All of which probably means that, if ever one is asked the question, ‘Lord, will only a few be saved?’, we could reply in a similar vein and accept that other hall-mark of Luke’s gospel – which is reversal.  Earlier, the choir sang two canticles, the Song of Mary, known as ‘Magnificat’, from its opening Latin word (Luke 1:46-55), and the Song of Simeon, known from its opening Latin words as ‘Nunc dimittis’ (Luke 2:29-32).  Unlike the other gospel-writers, Luke likes hymns (perhaps he was musical?) for in addition to these two, we also have the Song of Zechariah (Luke 1:68-79) directed to be sung at Morning Prayer, and the Song of the Angels at Christ’s birth (Luke 2:14), which is the opening of a hymn at Holy Communion.  All these songs are about reversal, putting down the mighty from their seat, in the case of Mary; salvation revealed to an old man, in the case of Simeon; giving light to those in darkness, with Zechariah; and peace on earth, from the mouths of the angels themselves. 

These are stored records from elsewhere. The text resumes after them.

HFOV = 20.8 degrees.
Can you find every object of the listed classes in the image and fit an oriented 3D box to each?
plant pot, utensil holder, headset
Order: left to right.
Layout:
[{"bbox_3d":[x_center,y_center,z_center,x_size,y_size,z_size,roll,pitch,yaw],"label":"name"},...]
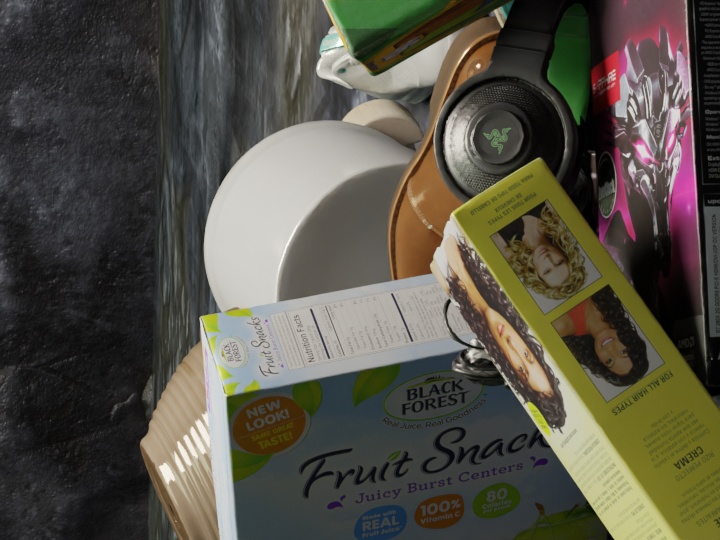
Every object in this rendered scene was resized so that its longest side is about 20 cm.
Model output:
[{"bbox_3d":[-0.074,0.133,1.211,0.202,0.092,0.201,59,167,22],"label":"plant pot"},{"bbox_3d":[0.000,0.000,1.232,0.200,0.168,0.172,-144,55,-73],"label":"utensil holder"},{"bbox_3d":[0.087,-0.038,0.911,0.124,0.093,0.201,65,-140,-61],"label":"headset"}]

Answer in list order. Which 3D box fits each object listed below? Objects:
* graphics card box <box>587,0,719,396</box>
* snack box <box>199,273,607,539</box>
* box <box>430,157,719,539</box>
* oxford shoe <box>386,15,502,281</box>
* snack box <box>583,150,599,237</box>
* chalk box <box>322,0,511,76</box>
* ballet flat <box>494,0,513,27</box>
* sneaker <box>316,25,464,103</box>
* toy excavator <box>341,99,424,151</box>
[{"bbox_3d":[0.142,-0.046,0.846,0.125,0.050,0.202,156,112,-76],"label":"graphics card box"},{"bbox_3d":[0.026,0.087,0.984,0.068,0.198,0.170,-116,20,-49],"label":"snack box"},{"bbox_3d":[0.105,0.057,0.800,0.201,0.050,0.075,55,166,13],"label":"box"},{"bbox_3d":[0.060,-0.033,1.065,0.071,0.071,0.201,-114,28,-50],"label":"oxford shoe"},{"bbox_3d":[0.112,-0.028,1.041,0.200,0.024,0.073,-159,68,-76],"label":"snack box"},{"bbox_3d":[0.060,-0.195,0.922,0.125,0.199,0.125,63,-173,2],"label":"chalk box"},{"bbox_3d":[0.101,-0.217,1.021,0.069,0.069,0.202,-145,57,-75],"label":"ballet flat"},{"bbox_3d":[0.018,-0.154,1.316,0.200,0.088,0.076,135,134,-73],"label":"sneaker"},{"bbox_3d":[0.004,0.004,1.390,0.195,0.200,0.100,46,-174,-25],"label":"toy excavator"}]
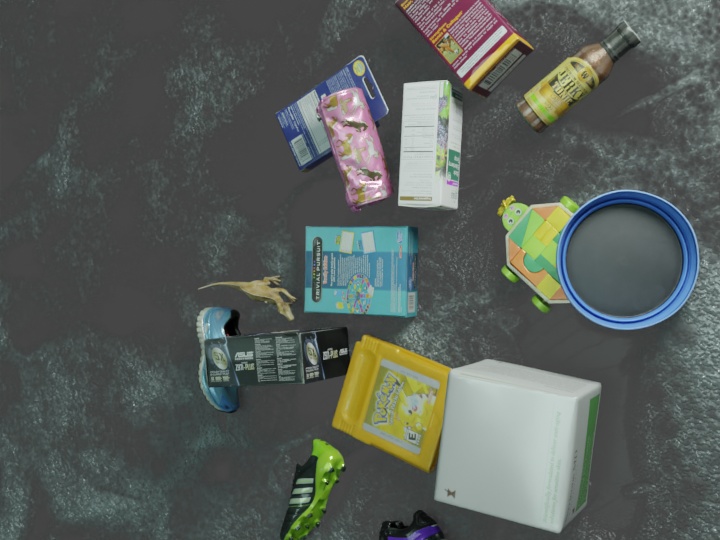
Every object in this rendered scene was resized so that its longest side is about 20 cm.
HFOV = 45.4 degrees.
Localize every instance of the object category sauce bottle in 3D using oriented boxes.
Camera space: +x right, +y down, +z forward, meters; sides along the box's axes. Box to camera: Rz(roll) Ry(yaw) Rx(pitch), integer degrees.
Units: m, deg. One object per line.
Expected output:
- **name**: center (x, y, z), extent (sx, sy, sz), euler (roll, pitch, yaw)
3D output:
- **sauce bottle**: center (0.327, -0.293, 1.298), extent (0.200, 0.065, 0.065), euler (-41, 72, 22)

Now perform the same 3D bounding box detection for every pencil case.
- **pencil case**: center (-0.009, -0.202, 1.443), extent (0.086, 0.083, 0.201), euler (-17, 98, 22)

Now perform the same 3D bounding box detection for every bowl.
- **bowl**: center (0.384, -0.015, 1.249), extent (0.199, 0.039, 0.202), euler (0, 89, 9)

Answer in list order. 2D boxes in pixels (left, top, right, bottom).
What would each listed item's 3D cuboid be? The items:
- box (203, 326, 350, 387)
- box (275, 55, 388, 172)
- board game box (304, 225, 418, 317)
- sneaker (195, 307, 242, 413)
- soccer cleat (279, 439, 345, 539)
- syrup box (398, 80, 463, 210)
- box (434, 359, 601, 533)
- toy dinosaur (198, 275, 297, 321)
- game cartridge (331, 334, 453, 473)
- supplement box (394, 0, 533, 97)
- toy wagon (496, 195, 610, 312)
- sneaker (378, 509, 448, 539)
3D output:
- **box**: center (-0.142, 0.149, 1.490), extent (0.199, 0.164, 0.087), euler (-6, 87, 28)
- **box**: center (-0.046, -0.274, 1.515), extent (0.199, 0.032, 0.122), euler (-29, 77, 25)
- **board game box**: center (0.000, 0.000, 1.481), extent (0.199, 0.047, 0.152), euler (2, 91, 28)
- **sneaker**: center (-0.249, 0.164, 1.597), extent (0.090, 0.078, 0.201), euler (-10, 85, 24)
- **soccer cleat**: center (-0.094, 0.393, 1.526), extent (0.081, 0.067, 0.201), euler (39, 107, 41)
- **syrup box**: center (0.115, -0.200, 1.402), extent (0.081, 0.079, 0.201), euler (2, 91, 28)
- **box**: center (0.236, 0.252, 1.283), extent (0.199, 0.171, 0.200), euler (9, 94, 28)
- **toy dinosaur**: center (-0.186, 0.035, 1.549), extent (0.199, 0.101, 0.059), euler (18, 98, 27)
- **game cartridge**: center (0.059, 0.221, 1.457), extent (0.199, 0.032, 0.177), euler (20, 99, 26)
- **supplement box**: center (0.164, -0.389, 1.373), extent (0.110, 0.086, 0.200), euler (-43, 71, 21)
- **toy wagon**: center (0.285, -0.040, 1.333), extent (0.200, 0.040, 0.155), euler (46, 109, 20)
- **sneaker**: center (0.055, 0.473, 1.443), extent (0.200, 0.069, 0.100), euler (-42, 65, 17)

Reversal means the possibility that those who are so sure they are ‘in’ might find the door slammed in the face of their arrogance.  Reversal, too, means that the first might indeed be last, and even (especially) bishops have to give way to others of whom nobody has ever heard.  After all, if we really take Luke’s gospel to heart, the first saint of the Christian faith was not some glamorous believer who did everything correctly, but the penitent thief, no less, who was baptised not by some fine church liturgy, at which nothing went wrong, not even the singing (!), but by the words of the dying Christ – ‘Truly I tell you, today you will be with me in paradise’ (Luke 23:43).  And if all this seems unimpressive and inconsistent, then so be it.   It is so easy to make faith appear like a consumer commodity that is to be marketed on the basis of how quickly how many of our personal problems can somehow be solved.   There was once a Danish University Chaplaincy with a poster which read: ‘If you haven’t got any problems, then come inside and we’ll give you some.’  I would rather have a faith about life that is worth struggling with, than one which is slick and exclusive, or unengaged and arid, and it is such a questing faith that is to be found in the pages of Luke’s gospel.